**PROBLEM TO SOLVE**:
What is needed is an exact retyping of each entry, pictures excluded.

**AVAILABLE DATA**:
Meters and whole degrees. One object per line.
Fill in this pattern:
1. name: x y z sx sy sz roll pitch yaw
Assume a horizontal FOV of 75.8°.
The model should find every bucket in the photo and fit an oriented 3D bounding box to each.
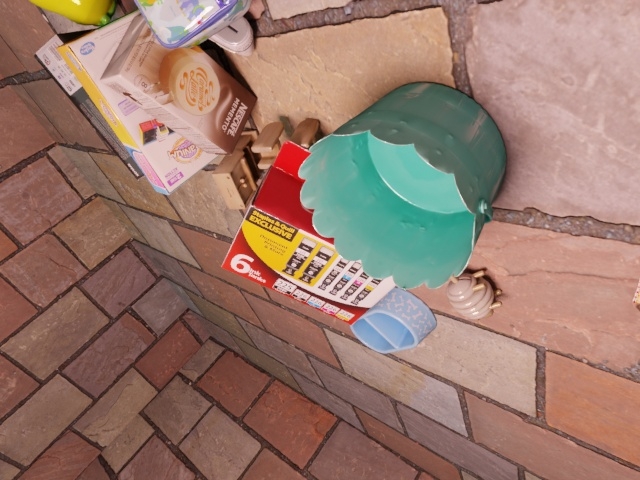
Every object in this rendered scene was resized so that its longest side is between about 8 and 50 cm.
1. bucket: 0.128 -0.083 0.618 0.281 0.183 0.281 28 145 22

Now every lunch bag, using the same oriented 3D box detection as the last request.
1. lunch bag: -0.215 -0.425 0.617 0.175 0.090 0.219 -20 109 20

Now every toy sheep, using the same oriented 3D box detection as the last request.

**TASK ANSWER**:
Meters and whole degrees. One object per line.
Fill in this pattern:
1. name: x y z sx sy sz roll pitch yaw
Assume a horizontal FOV of 75.8°.
The model should find every bucket in the photo and fit an oriented 3D bounding box to each.
Every object in this rendered scene was resized so that its longest side is between about 8 and 50 cm.
1. bucket: 0.128 -0.083 0.618 0.281 0.183 0.281 28 145 22

Now every lunch bag, using the same oriented 3D box detection as the last request.
1. lunch bag: -0.215 -0.425 0.617 0.175 0.090 0.219 -20 109 20

Now every toy sheep, using the same oriented 3D box detection as the last request.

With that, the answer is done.